Her speech did not go down well with Greeks
After five years of recession many blame her - and Germany - for painful austerity measures - conditions of two bailout packages.
Thousands ignored restrictions on public gatherings giving 6,000 police officers a difficult job.
As well as scuffles in front of the Greek parliament some protestors burned Nazi flags.
Merkel has certainly changed her tune about Greece in recent months - she now wants to keep them in the euro zone.
And - says Christian Schulz from Berenberg Bank - she's trying to deflect criticism that she's demanded cuts without offering sympathy.

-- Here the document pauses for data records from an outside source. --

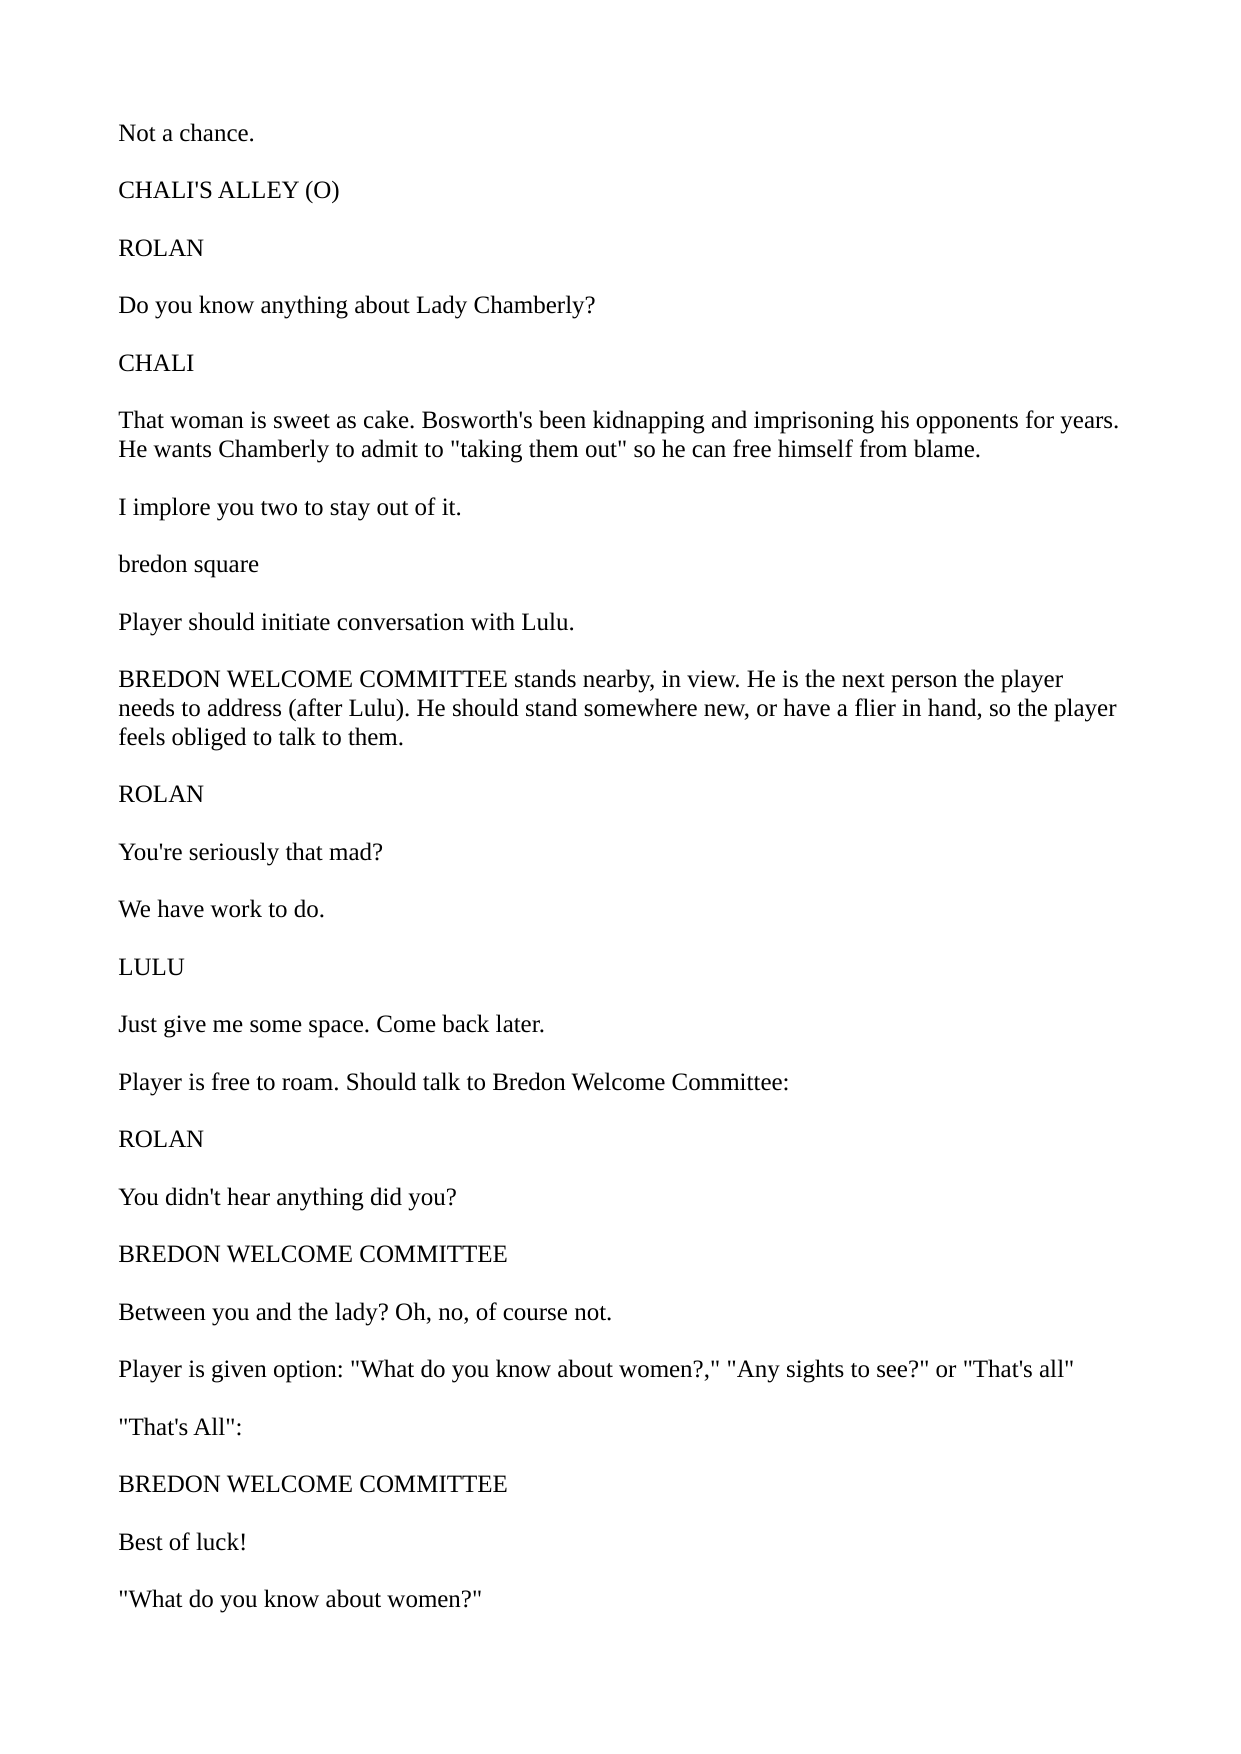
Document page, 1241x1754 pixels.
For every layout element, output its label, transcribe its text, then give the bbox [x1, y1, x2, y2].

text Just give me some space. Come back later. [118, 1009, 1122, 1038]
text ROLAN [118, 779, 1122, 808]
text CHALI [118, 348, 1122, 377]
text "That's All": [118, 1412, 1122, 1441]
text bredon square [118, 549, 1122, 578]
text BREDON WELCOME COMMITTEE stands nearby, in view. He is the next person the player needs to address (after Lulu). He should stand somewhere new, or have a flier in hand, so the player feels obliged to talk to them. [118, 664, 1122, 751]
text Not a chance. [118, 118, 1122, 147]
text Player is given option: "What do you know about women?," "Any sights to see?" or "That's all" [118, 1354, 1122, 1383]
text Do you know anything about Lady Chamberly? [118, 291, 1122, 319]
text That woman is sweet as cake. Bosworth's been kidnapping and imprisoning his opponents for years. He wants Chamberly to admit to "taking them out" so he can free himself from blame. [118, 406, 1122, 463]
text I implore you two to stay out of it. [118, 492, 1122, 521]
text ROLAN [118, 233, 1122, 262]
text BREDON WELCOME COMMITTEE [118, 1469, 1122, 1498]
text LULU [118, 952, 1122, 981]
text BREDON WELCOME COMMITTEE [118, 1239, 1122, 1268]
text "What do you know about women?" [118, 1584, 1122, 1613]
text Best of luck! [118, 1527, 1122, 1556]
text You didn't hear anything did you? [118, 1182, 1122, 1211]
text ROLAN [118, 1124, 1122, 1153]
text CHALI'S ALLEY (O) [118, 176, 1122, 204]
text Player should initiate conversation with Lulu. [118, 607, 1122, 636]
text Player is free to roam. Should talk to Bredon Welcome Committee: [118, 1067, 1122, 1096]
text Between you and the lady? Oh, no, of course not. [118, 1297, 1122, 1326]
text We have work to do. [118, 894, 1122, 923]
text You're seriously that mad? [118, 837, 1122, 866]
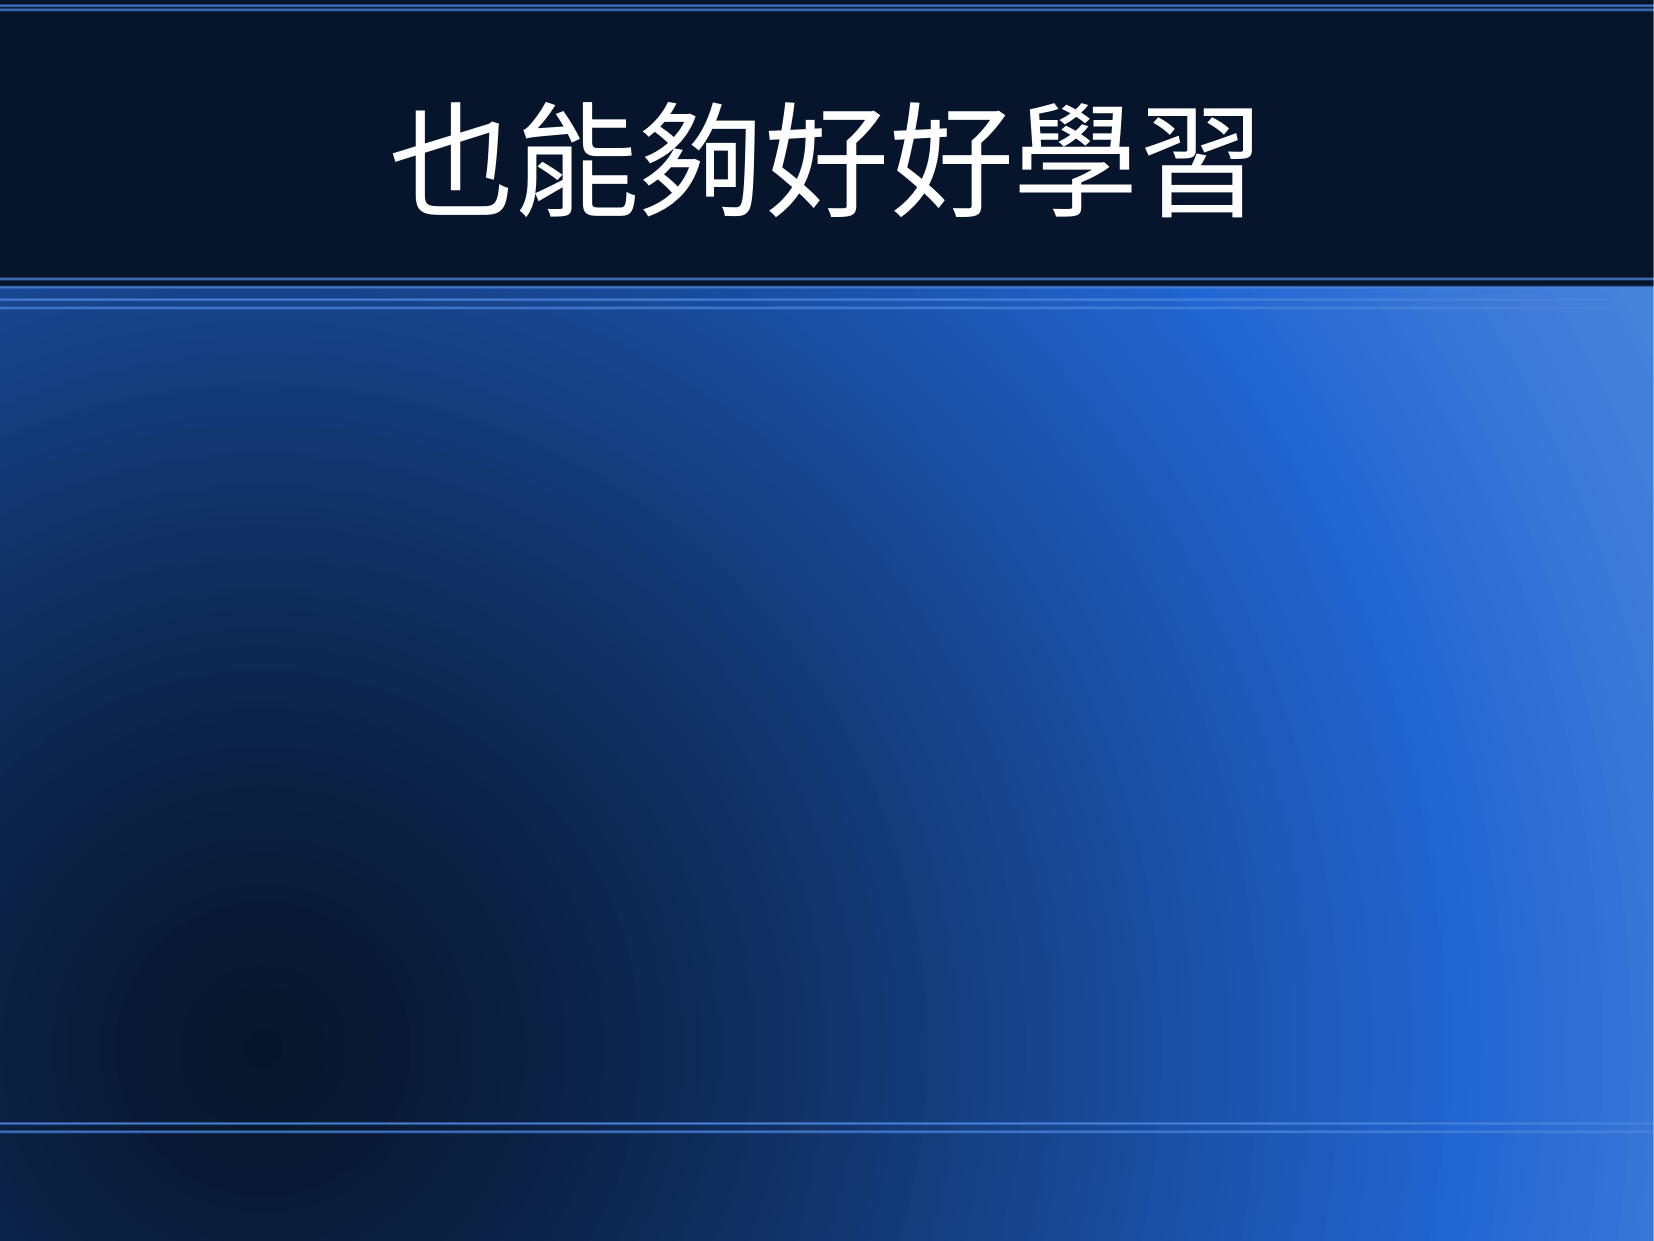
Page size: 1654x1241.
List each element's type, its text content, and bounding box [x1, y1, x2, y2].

title 也能夠好好學習 [82, 49, 1571, 257]
picture [0, 0, 1654, 1241]
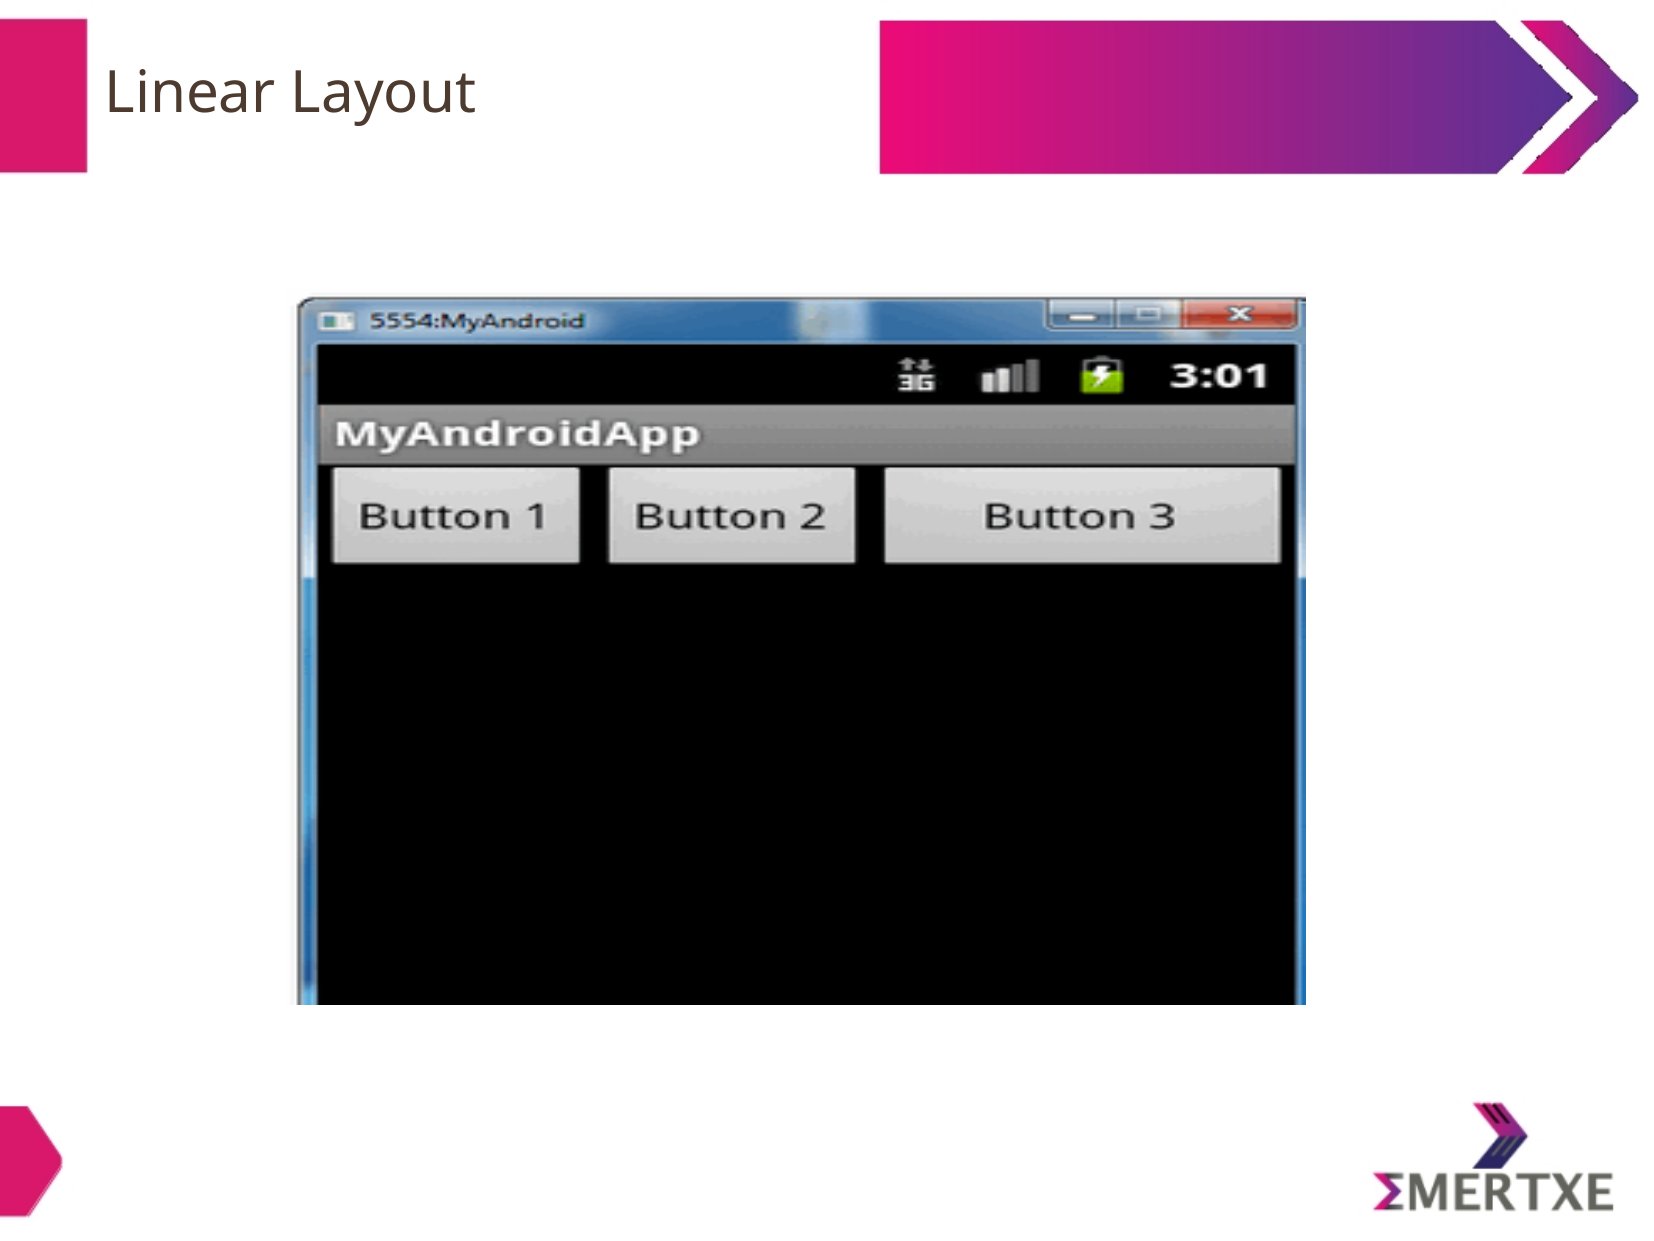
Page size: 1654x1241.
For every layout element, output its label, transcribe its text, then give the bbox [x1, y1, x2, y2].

title Linear Layout [90, 13, 1654, 166]
picture [0, 0, 1654, 1241]

SOUNDBITE: Christian Schulz, Senior Economist, Berenberg Bank, saying (English):
"Germany does not want to put up any new money ahead of next year's elections. The IMF wants to know now what will happen over the next few years to Greek funding, a compromise will be forged. And the Europeans have one big ally on the other side of the Atlantic, the American government also does not want the Greek situation to spiral out of control again."
The troika of international lenders will report on Athens' progress in early November - weeks before Greece runs out of money.
Without their vote of confidence the next 31 billion euro instalment of aid won't be handed over.
Merkel's show of support may be intended to bolster the government, but what Greece really needs is cash - and a way out of the crisis.